Here we unpack some of the hidden gems mapped by our flying archaeologists that you too can now virtually discover for yourselves with our Aerial Archaeology Mapping Explorer.
As featured in national and local press, we’ve recently made these interpretations of crop marks and other features available online for the first time. To whet your appetite, we’re looking at just some of the sites they’ve mapped and what they reveal about England’s past.

Farming
If you were asked to picture a typical traditional English farming landscape what would you think of? Perhaps the familiar patchwork quilt of small fields of crops and paddocks enclosed -depending on your locality- by hedges, fences or stone walls. Maybe this landscape would be studded with huddles of farmstead buildings clustered around a farmyard?
But our aerial mapping reveals that it hasn’t always looked like that. Take for example the traces of ‘ridge and furrow’ field systems seen across lowland England that have a corrugated or corduroy effect when seen from the air. These are remnants of a lost, more communal way of life: the results of generations of ordinary peasant families from the later Saxon period through to the end of the Middle Ages ploughing narrow strips of land allocated across big open, unenclosed fields. They farmed to survive and to support their lords, many being obliged by law to stay on the manors where they were born and work for part of the time on their Lord’s land.
As society and economics changed many land holdings were amalgamated and enclosed, or turned over to more profitable animal-rearing, especially sheep for wool.
A classic example of ridge and furrow is at Todenham, Gloucestershire.
Often below the ridge and furrow are traces of different, still more ancient field system such as the “brickwork” pattern effect of Iron Age and Romano-British agriculture. Within the fields are enclosures that may be cattle corrals or small settlement. Our team has mapped an example of these ‘brickwork’ fields near Edenthorpe, West Yorkshire, which is now partly built over with modern housing.

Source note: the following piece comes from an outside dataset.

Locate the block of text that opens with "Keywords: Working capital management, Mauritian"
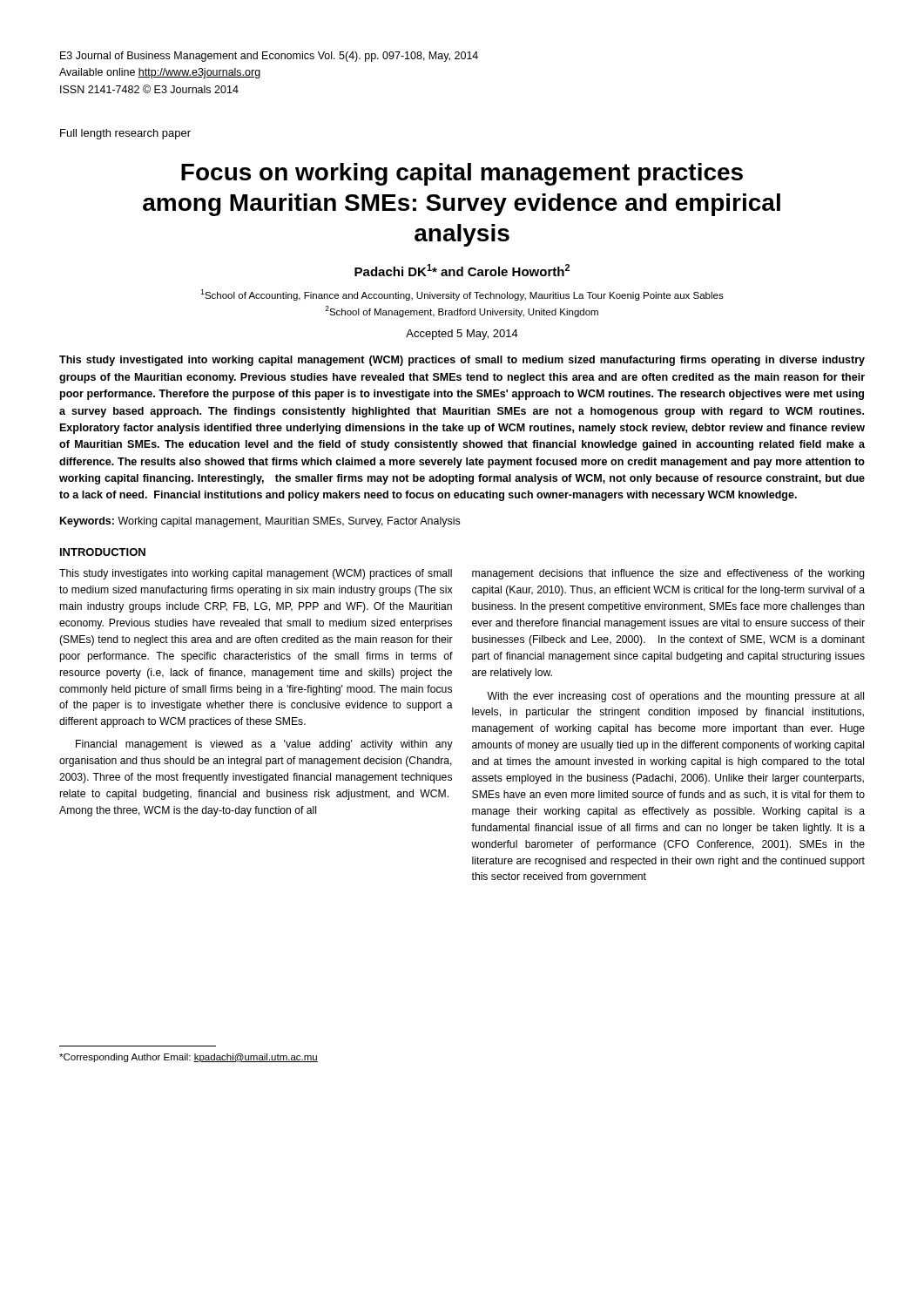 click(x=260, y=521)
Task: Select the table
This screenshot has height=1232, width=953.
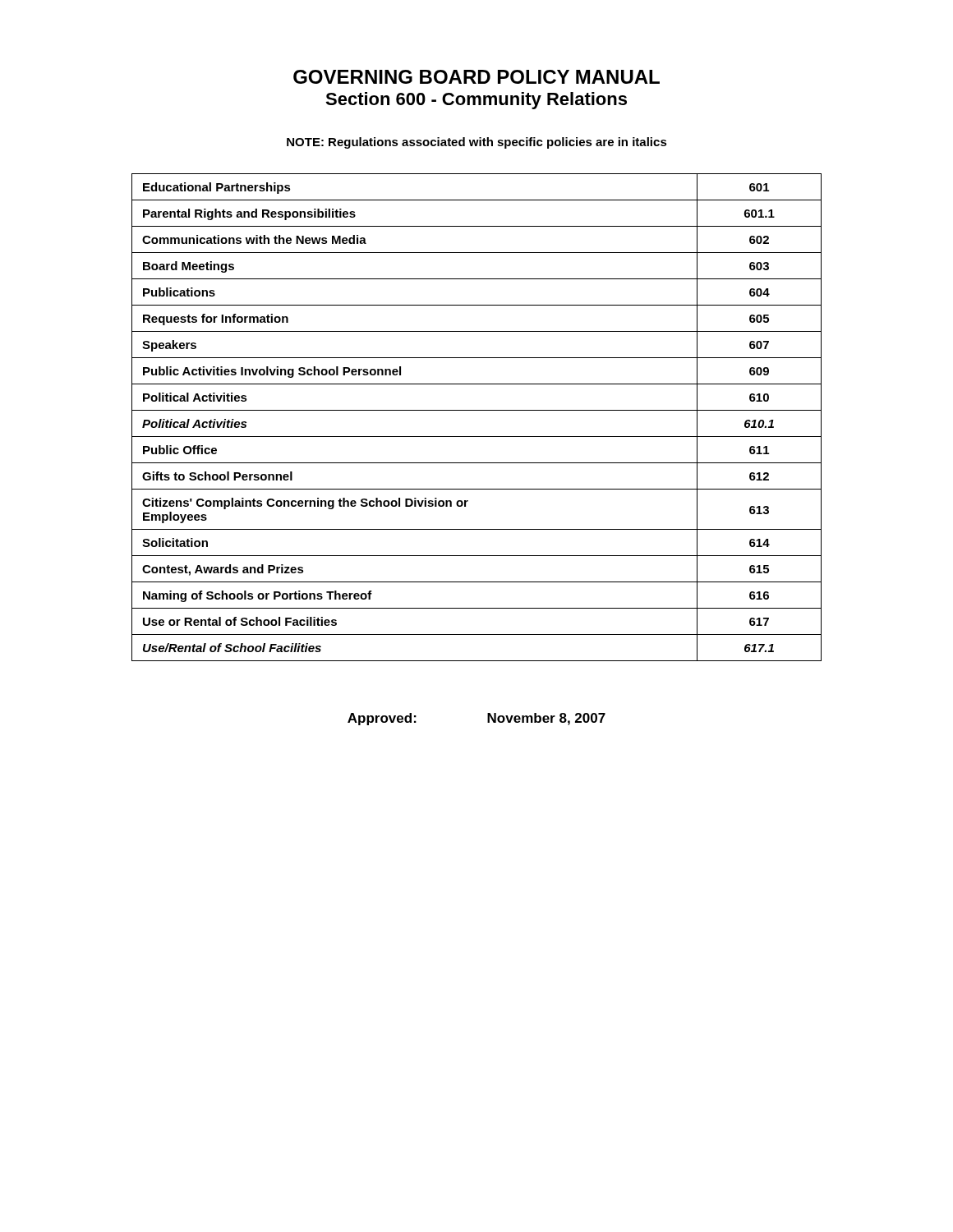Action: (476, 417)

At Grassington in Yorkshire, aerial mapping lets us see past the ‘layer’ of traditional stone walls and field barns to expose a 100 hectare (nearly 250 acres) area of densely packed settlements, trackways and field systems dating from Roman to prehistoric times- right back to the Neolithic period at the end of the Stone Age.

Defence
Aerial mapping shows the whole sweep of defence or military history in England from roman sites along Hadrian’s wall to now overgrown places associated with the World Wars.
Hadrian’s Wall itself is, of course, a famous monument standing above ground and the most visible feature of the World Heritage Site named after it. But viewed from the air, we can see it was part of a wider network of Roman roads and temporary camps, like those first spotted in aerial photography from 1949 at White Moss, Cumbria. This bigger picture also enables us to see how the military sites fit in the wider landscape of settlements and fields.

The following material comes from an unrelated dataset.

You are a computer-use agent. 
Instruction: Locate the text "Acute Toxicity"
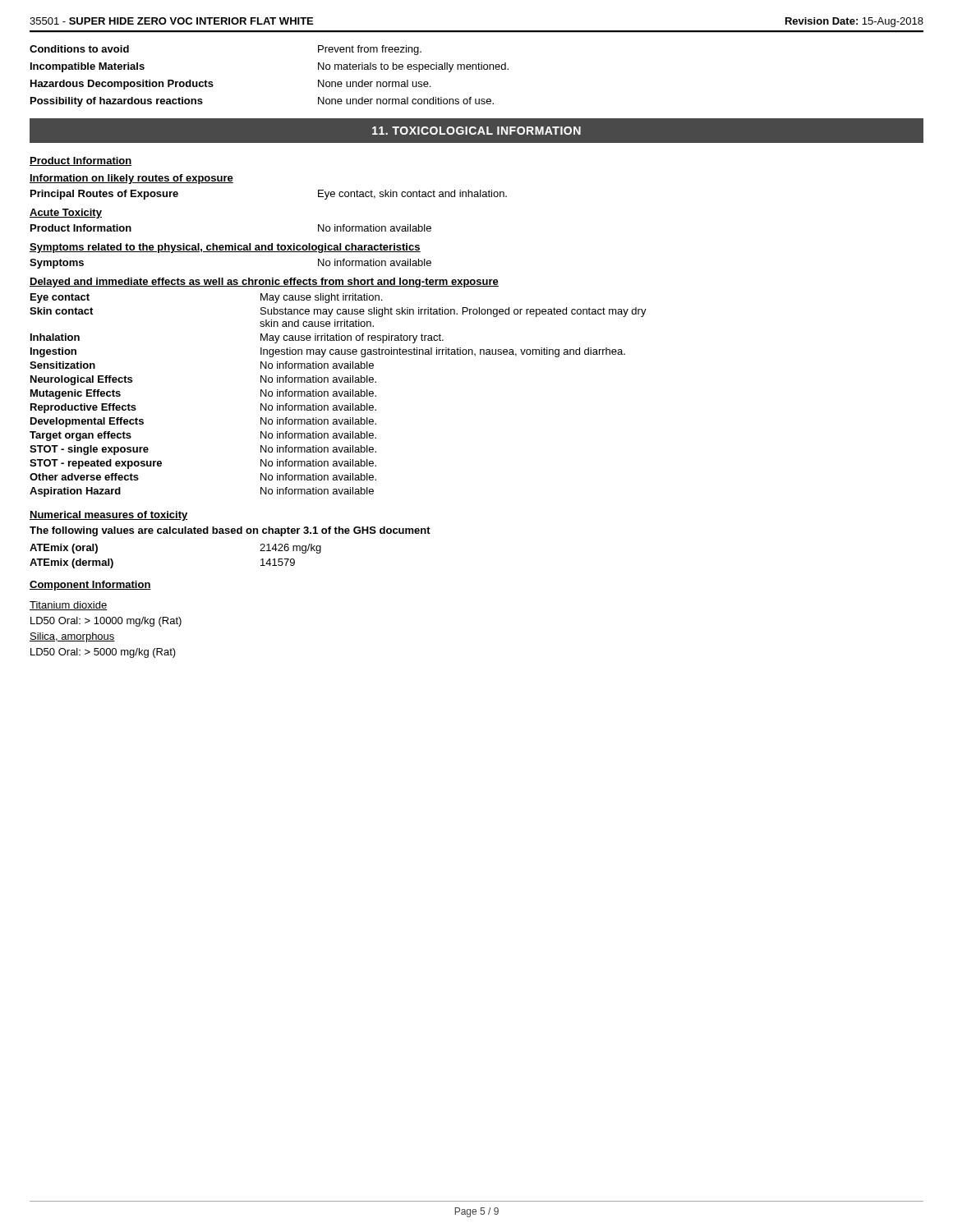pyautogui.click(x=66, y=212)

Using the modern technique of lidar (light detection and ranging), we can ‘see beneath’ the vegetation that has overgrown sites such as the massive First World War training camps at Brocton and Rugeley in the Cannock Chase area of Staffordshire, revealing the foundations of the former camp buildings. The once-teeming complexes were designed to house up to 40,000 people preparing for the battlefields of the Western Front. Historians estimate that 500,000 soldiers trained here during the conflict, but the buildings were taken down after the war.
In addition to the camps housing the troops, there were practice areas, including two opposing lines of trenches.

Enigmatic ancient beliefs
Silbury Hill is a well-known prehistoric monument; it is the largest prehistoric mound in Europe.
What is less well-known is that that evidence mapped from the air, followed up by survey on the ground, has demonstrated that later a considerable Roman settlement grew up at its foot around 2500 years after the mound was built. This settlement is a typical roman ‘ladder’ pattern in plan was possibly a road station on the Road to Bath, but it may have also been a pilgrimage site centring on the already ancient ‘hill’ and a sacred spring.

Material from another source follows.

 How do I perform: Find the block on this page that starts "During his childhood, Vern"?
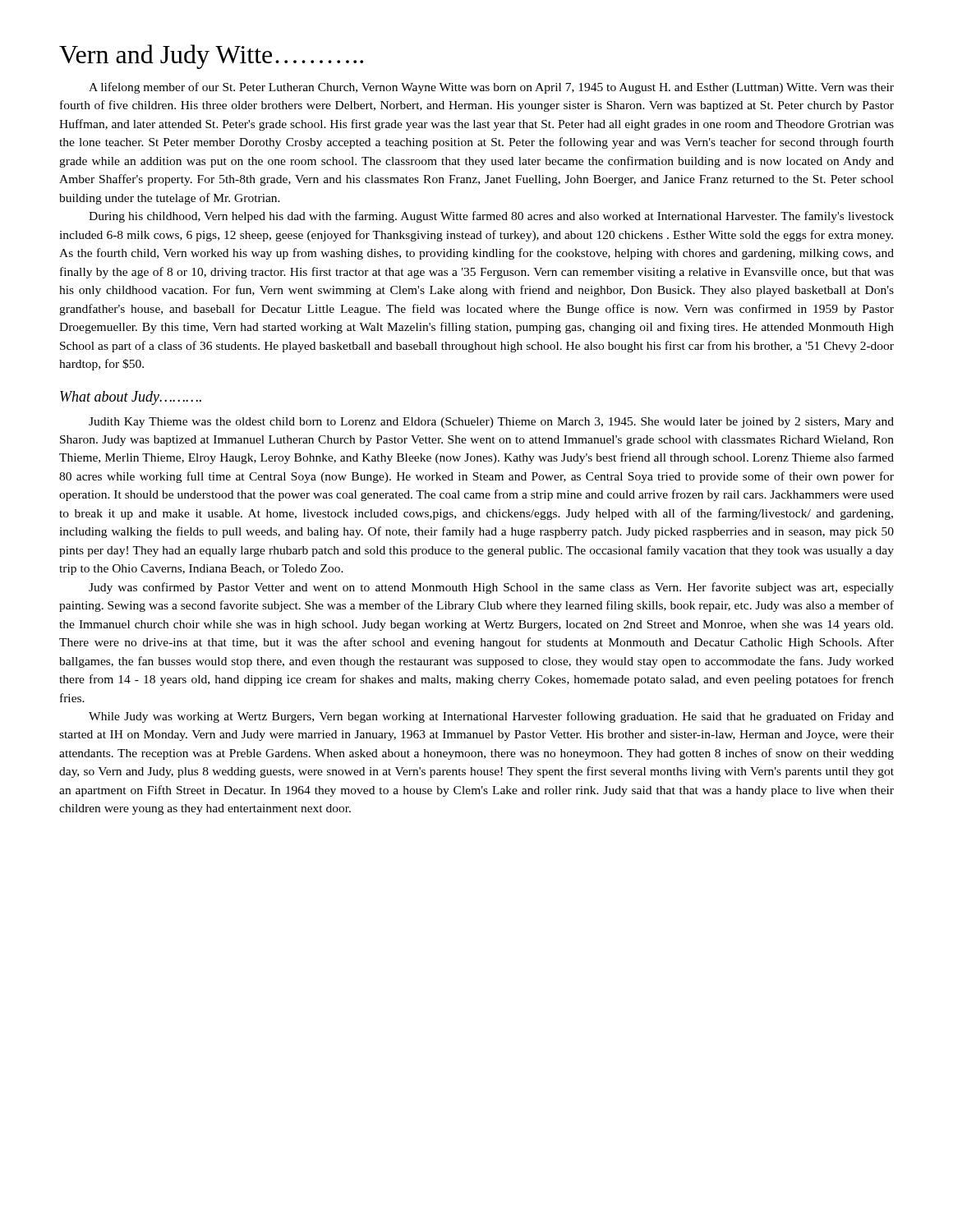pos(476,290)
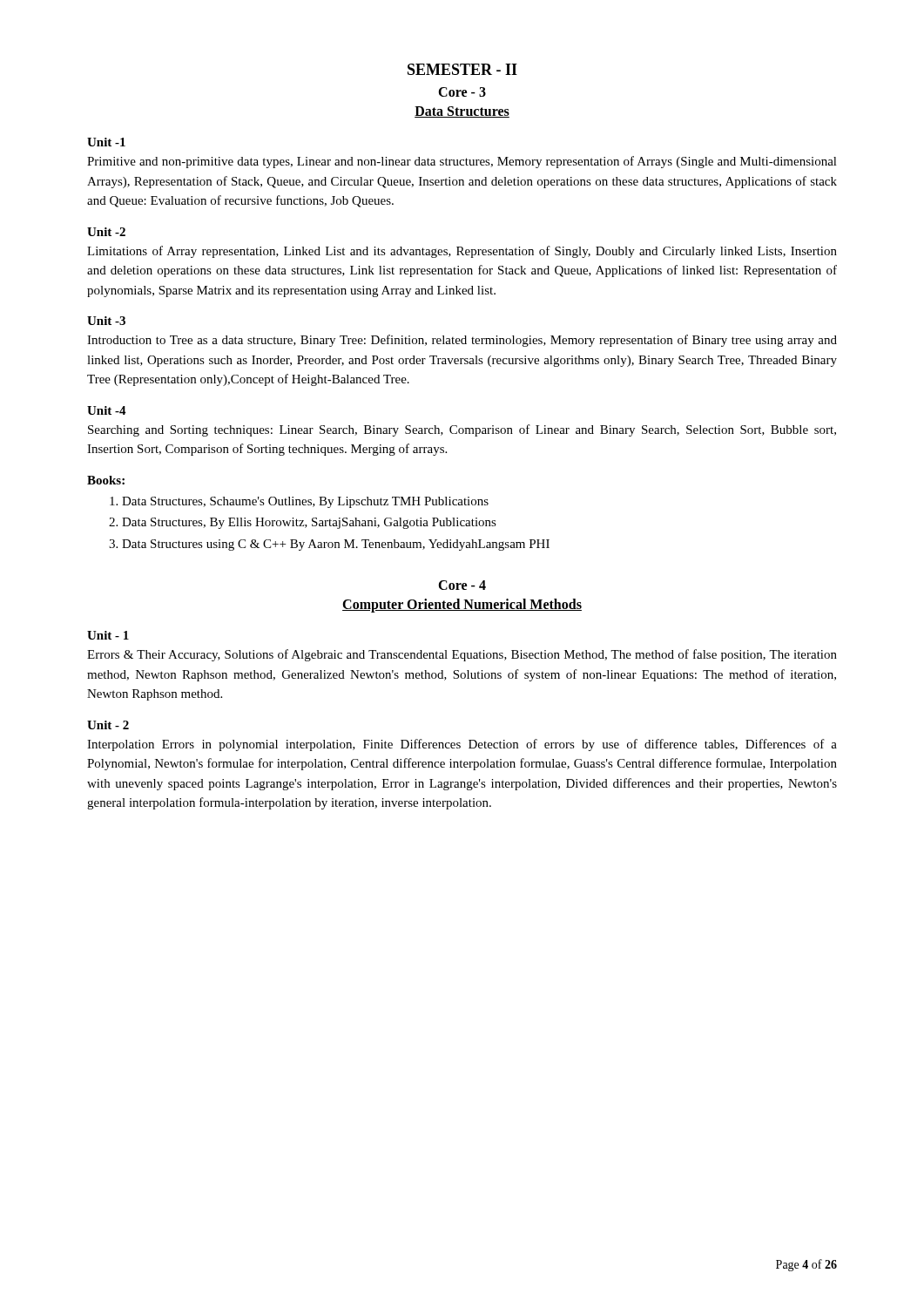Point to the element starting "Data Structures, By Ellis Horowitz, SartajSahani, Galgotia"
The image size is (924, 1307).
pos(309,522)

Aerial mapping has also given us new evidence about henge monuments. Henges are circular or oval earthwork enclosures, dating from around 3000 BC to 2000 BC, that’s to say constructed during the Neolithic (New Stone Age) and early Bronze Age. Unlike defensive enclosures they have a ditch on the inside and a bank on the outside- so they not for keeping things out but for marking the space inside as special. Their exact function is still open to interpretation, but archaeologists generally think that these are sacred enclosures.
At Thornborough in North Yorkshire, there are no less than three henges close to each other. They had been partly damaged by past ploughing and their layout is less clear from ground level than other examples of such sites.
An aerial mapping project revealed new details about the layout and surroundings of all three henges, especially the northern henge, which is partly hidden by woodland. The project gave us a better overview of how other prehistoric sites such as former burial mounds (visible from the air as their outer ring-ditches) and mortuary enclosures relate to the henges. It also showed how the surrounding landscape has changed over time.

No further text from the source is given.